Question about the theory in the paper

Frankie123421 commented 2 years ago

Hi Xu,

First of all thanks for your nice work. I've read your paper, and I have some questions on the proof of the equivariance of the transition kernel. In detail, suppose $\mathcal{C}^t$ is roto-translation invariant, and (thus) $\mu_{\theta}(\mathcal{C}^t, \mathcal{G}, t)$ is roto-translation equivariant with desgined GNN, we need to prove that $p(\mathcal{C}^{t-1} | \mathcal{C}^{t}, \mathcal{G}, t)$ is equivariant. I wonder if it is due to the following derivation:

$$\begin{aligned} p(R \mathcal{C}^{t-1} + g | R \mathcal{C}^{t} + g, \mathcal{G}, t) &= \mathcal{N}(R\mathcal{C}^{t-1} + g; \boldsymbol{\mu}_{\theta}(R\mathcal{C}^t + g, \mathcal{G}, t), \sigmat^2 \mathbf{I}) \ &= \frac{1}{(2 \pi)^{\frac{p}{2}}|\boldsymbol{\Sigma}|^{-\frac{1}{2}}} e^{-\frac{1}{2}(R(\mathcal{C}^{t-1}-\boldsymbol{\mu}\theta))^T \boldsymbol{\Sigma}^{-1}(R(\mathcal{C}^{t-1}-\boldsymbol{\mu}\theta))} \ &= \frac{1}{(2 \pi)^{\frac{p}{2}}|\boldsymbol{\Sigma}|^{-\frac{1}{2}}} e^{-\frac{1}{2}(\mathcal{C}^{t-1}-\boldsymbol{\mu}\theta)^T \boldsymbol{\Sigma}^{-1}(\mathcal{C}^{t-1}-\boldsymbol{\mu}_\theta)} \end{aligned}$$

where $\boldsymbol{\Sigma} = \sigma_t^2 \mathbf{I}$. I am not sure if it's correct, hope to receive your clarification. Thanks.

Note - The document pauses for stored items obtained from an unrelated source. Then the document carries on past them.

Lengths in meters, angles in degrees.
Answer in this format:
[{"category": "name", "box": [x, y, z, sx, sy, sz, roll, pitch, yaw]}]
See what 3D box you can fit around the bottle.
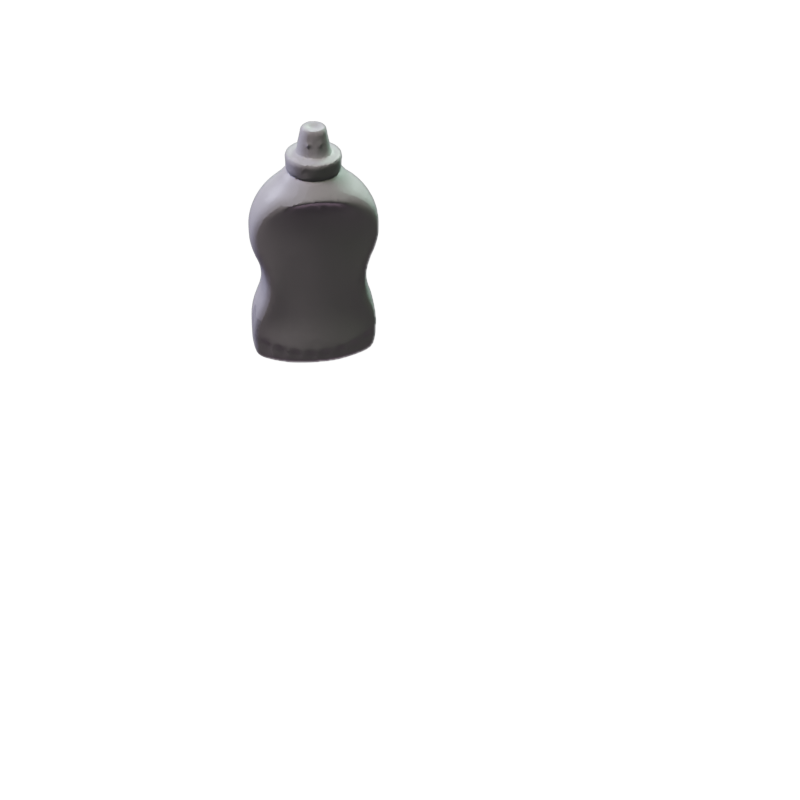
[{"category": "bottle", "box": [-0.065, -0.118, 0.827, 0.095, 0.179, 0.063, -2, 36, -7]}]
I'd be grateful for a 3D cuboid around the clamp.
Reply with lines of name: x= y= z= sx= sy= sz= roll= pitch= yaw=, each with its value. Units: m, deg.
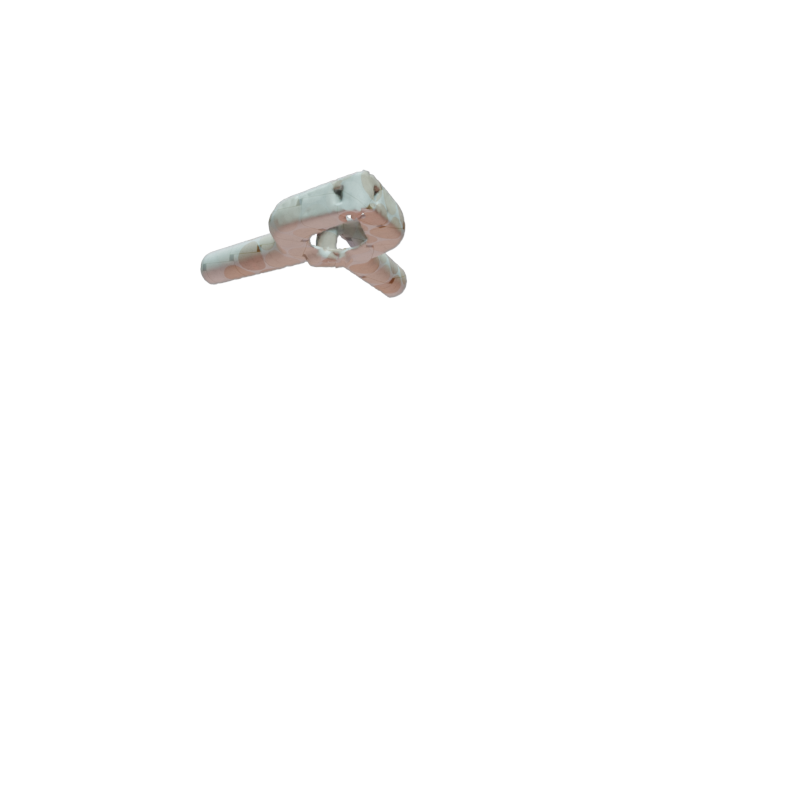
clamp: x=-0.063 y=-0.114 z=0.800 sx=0.163 sy=0.038 sz=0.204 roll=1 pitch=-11 yaw=-7

MinkaiXu commented 2 years ago

The derivation you showed seems correct. But I think there are some minor miss-points:

Since we only consider CoM-free systems, $C^t$ and $\mu_{\theta}(\mathcal{C}^t, \mathcal{G}, t)$ are both translation-invariant.
And they should be both rotationally equivariant.

I feel like your derivation is actually based on the above statements. Ping me if you still have any questions.

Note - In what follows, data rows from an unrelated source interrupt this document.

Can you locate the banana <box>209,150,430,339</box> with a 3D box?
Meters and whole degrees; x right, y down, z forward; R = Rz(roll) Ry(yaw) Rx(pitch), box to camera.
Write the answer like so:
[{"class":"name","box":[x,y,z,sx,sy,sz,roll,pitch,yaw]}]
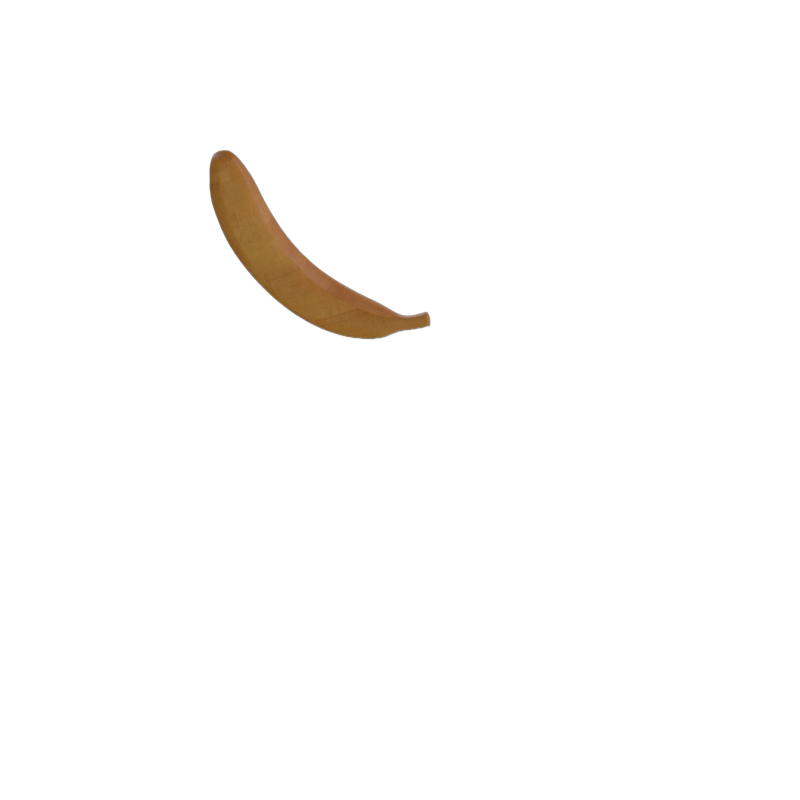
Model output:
[{"class":"banana","box":[-0.071,-0.097,0.781,0.188,0.068,0.039,37,25,-21]}]
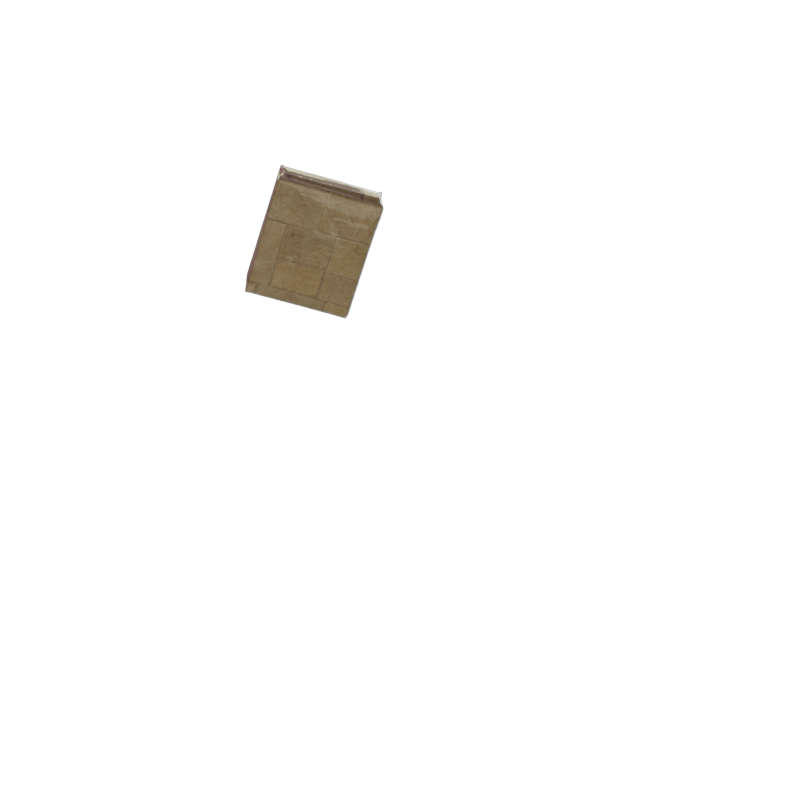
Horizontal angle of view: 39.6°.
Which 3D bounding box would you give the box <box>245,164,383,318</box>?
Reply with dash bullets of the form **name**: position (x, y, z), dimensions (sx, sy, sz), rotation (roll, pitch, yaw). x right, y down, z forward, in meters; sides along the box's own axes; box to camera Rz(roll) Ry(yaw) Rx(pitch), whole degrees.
- **box**: position (-0.059, -0.107, 0.751), dimensions (0.072, 0.086, 0.032), rotation (15, 24, -8)

Frankie123421 commented 2 years ago

Thanks for your kind and prompt reply. I have some new questions based on your response.

My current understanding is that if we ensure that the initial density $p(xT)$ is rotation and translation invariant (from moving to CoM-free systems and keep isotropic Gaussian), and $p(x{t-1}|x{t})$ is rotation and translation invariant, then $p(x{T-1}), p(x_{T-2}), \dots, p(x_0)$ will naturally all be rotation and translation invariant in a step-by-step manner. (It is correct?)
What do you mean by "And they should be both equivariant", rotationally?
But if 1 is correct, then

$$ \mu_\theta(\mathcal{C}^t, \mathcal{G}, t)=\frac{1}{\sqrt{\alpha_t}}(\mathcal{C}^t-\frac{\beta_t}{\sqrt{1-\bar{\alpha}t}} \epsilon\theta(\mathcal{G}, \mathcal{C}^t, t)) $$

will be rotation and translation invariant no matter how $\epsilon{\theta}$ is designed since $R\mathcal{C}^t + g = \mathcal{C}^t$, so I doubt that 1 is not correct. And my original derivation is actually base on $\mu\theta(R\mathcal{C}^t + g, \mathcal{G}, t) = R\mu_\theta(\mathcal{C}^t, \mathcal{G}, t) + g$.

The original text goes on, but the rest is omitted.